Bien souvent, Watson n’en dit rien. Pourtant, dans "Le chien des Baskerville" (chapitre III), Holmes tient entre ses lèvres sa pipe en terre noire. ("his black clay pipe."). Les pipes en terre sont ordinairement blanches ou brunes. Celles en terre noire sont nettement plus rares. En a-t-il été fabriqué en Grande Bretagne ?

Parfois, lorsque le détective réfléchit intensément, il fume une pipe "puante". Ainsi, dans "La vallée de la peur", (Première partie chapitre I), il allume "la pipe peu ragoûtante qui était la compagne de ses réflexions les plus profondes.". ("The unsavory pipe which was the companion of his deepest meditations."). Le Docteur Watson, trop occupé sans doute à éloigner Holmes de la cocaïne, oublie d’attirer son attention sur le nécessaire respect des quelques règles élémentaires d’hygiène, indispensables à nos bouffardes.

Hommage à la tradition française, Sherlock Holmes fume également une pipe de bruyère. Ce n’est sans doute pas une toquade passagère puisque, dans "Le signe des quatre" (Chapitre I), elle est décrite comme vieille. ("His old briar-root pipe.").

Quels tabacs Holmes fûme-t-il ?

Il a déjà été dit qu’Holmes et Watson affectionnent les tabacs forts. On connaît aussi l’endroit où notre héros achète le sien. Toujours dans "Le chien des Baskervilles", il demande à Watson : "Quand vous passerez devant Bradley’s, pourriez-vous lui demander de me faire porter une livre de son plus fort tabac coupé fin." ("When you pass Bradley’s would you ask him to send up a pound of the strongest shag tobacco ?"). Cette boutique se situait dans Oxford Street (idem chapitre XII).

Surprise, Holmes fume également la cigarette (Cf. par exemple "Le chien des Baskerville" chapitre I) et le cigare, dont il n’est d’ailleurs pas avare puisqu’il en offre généreusement à ses visiteurs ("Etude en rouge" première partie chapitre VI.).
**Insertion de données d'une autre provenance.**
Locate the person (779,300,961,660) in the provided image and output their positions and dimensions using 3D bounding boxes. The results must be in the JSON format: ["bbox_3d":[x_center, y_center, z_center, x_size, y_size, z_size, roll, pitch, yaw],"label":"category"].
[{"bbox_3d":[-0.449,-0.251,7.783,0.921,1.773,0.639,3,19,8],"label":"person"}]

Le tabac dans la criminologie holmesienne

Enfin, il ne faudrait surtout pas, dans une étude consacrée au tabac dans les aventures de Sherlock Holmes, oublier que ce dernier à publier une monographie consacrée à l’identification des cendres de tabac.

Ce travail d’une haute valeur criminologique se nomme "Sur la Discrimination entre les Différents Tabacs" ("Upon the Distinction Between the Ashes of the Various Tobaccos"). Cette étude énumère cent quarante variétés de cigares, cigarettes et tabacs et est illustré de reproductions en couleurs présentant les différences d’aspect entre leurs cendres. ("Le signe des quatre" chapitre I).
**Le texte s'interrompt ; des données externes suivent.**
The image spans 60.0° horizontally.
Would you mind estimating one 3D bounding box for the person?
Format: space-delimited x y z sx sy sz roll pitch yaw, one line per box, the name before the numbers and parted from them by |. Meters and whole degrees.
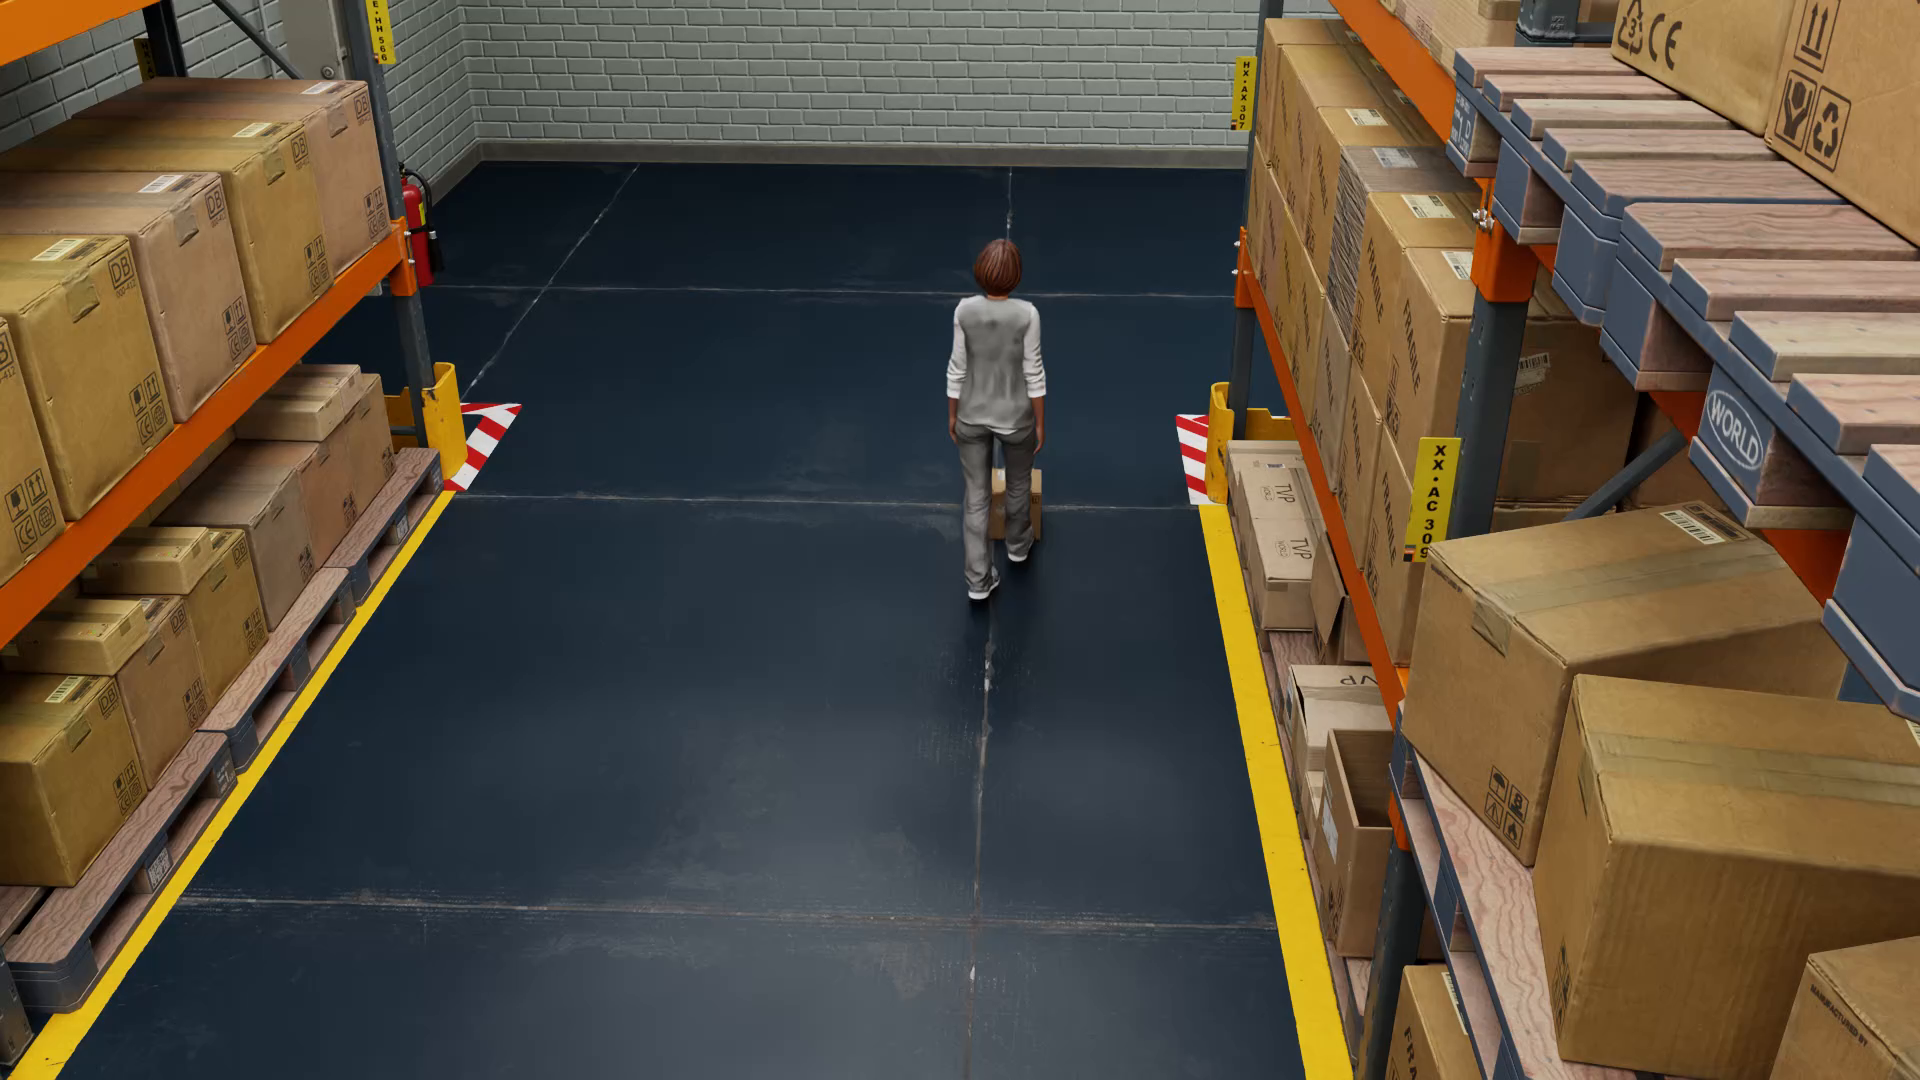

Pour clore cette petite promenade littéraire qui ne prétend nullement être exhaustive, Les Dix Sept Marches vous offrent, en exclusivité mondiale, la reproduction de la couverture de l’édition originale du livre écrit par Sherlock Holmes sur le sujet.

N.B. Les traductions ont été faites par l’auteur d’après l’édition complète publiée par Chancellor Press en 1985-1987.